= Radial flux motor =

Type of electric motor

A radial flux motor generates flux perpendicular to the axis of rotation. By contrast, an axial flux motor generates flux parallel to the axis.

== Design ==
The features of a radial flux motor are placed on the sides. The copper windings are wrapped around slots.
A traditional radial flux BLDC motor places a rotor made of permanent magnets inside the stator. The stator contains support known as a yoke, which is outfitted with "teeth", individually wrapped with electromagnetic coils. The teeth function as alternating magnetic poles.
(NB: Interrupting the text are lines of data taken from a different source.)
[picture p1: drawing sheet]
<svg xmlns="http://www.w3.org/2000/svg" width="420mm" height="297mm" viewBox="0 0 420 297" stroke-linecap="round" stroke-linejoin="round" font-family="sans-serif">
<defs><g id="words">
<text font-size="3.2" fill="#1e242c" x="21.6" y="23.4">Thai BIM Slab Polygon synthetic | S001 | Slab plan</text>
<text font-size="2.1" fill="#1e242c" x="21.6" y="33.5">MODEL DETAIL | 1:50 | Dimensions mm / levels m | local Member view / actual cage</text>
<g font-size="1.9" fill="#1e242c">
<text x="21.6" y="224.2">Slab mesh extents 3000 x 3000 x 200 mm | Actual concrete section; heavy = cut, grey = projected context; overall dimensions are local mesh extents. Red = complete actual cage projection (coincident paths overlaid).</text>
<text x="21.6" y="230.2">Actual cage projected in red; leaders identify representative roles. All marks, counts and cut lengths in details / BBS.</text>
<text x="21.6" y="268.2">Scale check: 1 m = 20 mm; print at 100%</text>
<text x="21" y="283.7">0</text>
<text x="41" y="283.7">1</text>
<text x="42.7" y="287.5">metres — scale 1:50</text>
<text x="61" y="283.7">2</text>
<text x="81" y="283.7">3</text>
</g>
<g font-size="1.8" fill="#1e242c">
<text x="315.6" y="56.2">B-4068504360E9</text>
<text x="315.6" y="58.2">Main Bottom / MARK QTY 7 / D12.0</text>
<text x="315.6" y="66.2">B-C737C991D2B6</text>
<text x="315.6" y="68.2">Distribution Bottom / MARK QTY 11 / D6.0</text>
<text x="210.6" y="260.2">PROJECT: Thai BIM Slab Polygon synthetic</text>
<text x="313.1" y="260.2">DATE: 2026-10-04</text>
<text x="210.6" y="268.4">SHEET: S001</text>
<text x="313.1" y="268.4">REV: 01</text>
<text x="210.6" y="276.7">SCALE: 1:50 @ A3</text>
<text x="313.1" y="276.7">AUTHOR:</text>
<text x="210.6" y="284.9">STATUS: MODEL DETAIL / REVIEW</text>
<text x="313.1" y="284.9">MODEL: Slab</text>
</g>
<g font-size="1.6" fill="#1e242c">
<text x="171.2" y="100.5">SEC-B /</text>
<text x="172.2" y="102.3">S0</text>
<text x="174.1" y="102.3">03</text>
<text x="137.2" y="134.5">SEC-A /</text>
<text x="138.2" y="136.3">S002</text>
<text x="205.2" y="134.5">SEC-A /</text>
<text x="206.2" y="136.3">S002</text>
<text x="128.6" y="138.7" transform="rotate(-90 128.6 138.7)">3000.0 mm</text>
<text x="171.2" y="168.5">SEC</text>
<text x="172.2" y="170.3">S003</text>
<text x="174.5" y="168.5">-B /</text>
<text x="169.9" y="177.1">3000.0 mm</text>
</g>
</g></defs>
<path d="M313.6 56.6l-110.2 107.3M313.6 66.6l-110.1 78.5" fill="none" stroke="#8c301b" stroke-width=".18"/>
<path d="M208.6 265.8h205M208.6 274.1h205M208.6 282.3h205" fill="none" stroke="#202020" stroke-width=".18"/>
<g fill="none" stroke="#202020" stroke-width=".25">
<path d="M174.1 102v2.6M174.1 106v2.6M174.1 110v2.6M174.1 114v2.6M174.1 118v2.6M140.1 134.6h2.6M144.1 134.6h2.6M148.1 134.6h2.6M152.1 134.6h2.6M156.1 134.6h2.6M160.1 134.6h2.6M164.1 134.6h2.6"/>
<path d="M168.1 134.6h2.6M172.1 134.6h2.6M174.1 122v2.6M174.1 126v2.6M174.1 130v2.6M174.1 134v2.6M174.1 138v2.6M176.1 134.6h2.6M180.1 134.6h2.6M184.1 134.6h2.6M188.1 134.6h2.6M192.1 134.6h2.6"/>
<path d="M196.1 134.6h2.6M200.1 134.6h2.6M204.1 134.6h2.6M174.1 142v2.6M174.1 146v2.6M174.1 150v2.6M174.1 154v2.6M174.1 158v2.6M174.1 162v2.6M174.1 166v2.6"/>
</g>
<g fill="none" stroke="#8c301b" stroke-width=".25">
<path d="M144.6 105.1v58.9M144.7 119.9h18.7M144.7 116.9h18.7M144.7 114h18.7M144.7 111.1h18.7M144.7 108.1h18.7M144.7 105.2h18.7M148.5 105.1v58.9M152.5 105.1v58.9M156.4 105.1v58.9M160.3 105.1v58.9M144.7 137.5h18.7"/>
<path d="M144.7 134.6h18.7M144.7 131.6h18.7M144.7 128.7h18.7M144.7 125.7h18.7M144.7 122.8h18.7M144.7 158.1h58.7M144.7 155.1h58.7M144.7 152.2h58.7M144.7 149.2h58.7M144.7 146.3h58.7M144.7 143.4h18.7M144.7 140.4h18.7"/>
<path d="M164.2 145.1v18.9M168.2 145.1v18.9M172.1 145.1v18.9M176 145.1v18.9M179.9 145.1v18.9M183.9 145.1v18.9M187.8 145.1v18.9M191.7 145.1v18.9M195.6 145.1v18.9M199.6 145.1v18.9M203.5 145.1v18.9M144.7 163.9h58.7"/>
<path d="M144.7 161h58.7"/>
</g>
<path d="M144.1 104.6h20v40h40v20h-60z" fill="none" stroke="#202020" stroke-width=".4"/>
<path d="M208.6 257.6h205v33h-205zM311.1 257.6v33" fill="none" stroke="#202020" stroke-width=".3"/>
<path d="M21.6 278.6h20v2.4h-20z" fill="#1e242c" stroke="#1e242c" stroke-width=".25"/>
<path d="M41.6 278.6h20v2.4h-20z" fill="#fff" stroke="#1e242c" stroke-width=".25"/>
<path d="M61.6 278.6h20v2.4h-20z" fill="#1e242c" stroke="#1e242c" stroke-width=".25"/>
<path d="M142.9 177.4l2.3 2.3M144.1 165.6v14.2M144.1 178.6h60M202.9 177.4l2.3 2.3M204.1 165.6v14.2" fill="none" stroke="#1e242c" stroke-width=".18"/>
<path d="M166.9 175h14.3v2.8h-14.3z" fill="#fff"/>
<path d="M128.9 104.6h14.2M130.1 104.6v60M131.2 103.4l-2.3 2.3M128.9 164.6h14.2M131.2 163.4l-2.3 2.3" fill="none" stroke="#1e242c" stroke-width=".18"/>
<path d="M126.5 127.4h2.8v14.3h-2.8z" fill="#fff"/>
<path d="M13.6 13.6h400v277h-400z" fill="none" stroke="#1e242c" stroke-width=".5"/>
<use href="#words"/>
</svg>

The rotor’s magnetic poles interact with the alternating magnetic flux of the teeth, producing torque.

The use of grain-oriented steel in radial flux motors is challenging due to the curving geometry of the magnetic flux path.

=== Permanent magnet motors ===
Radial flux motors typically use less permanent magnet material, at the cost of lower torque density.

== Torque, speed, power ==
Torque, speed, and power are related by:

$P = T * \omega$

where P is mechanical power, T is torque, in Newton-metres, and ω is speed in radians/second.

== Thermal management ==
While permanent magnent radial flux motors offer considerably higher power than induction motors, they produce more heat, which must therefore be removed. This occurs either via conduction or air/water cooling, depending on application requirements.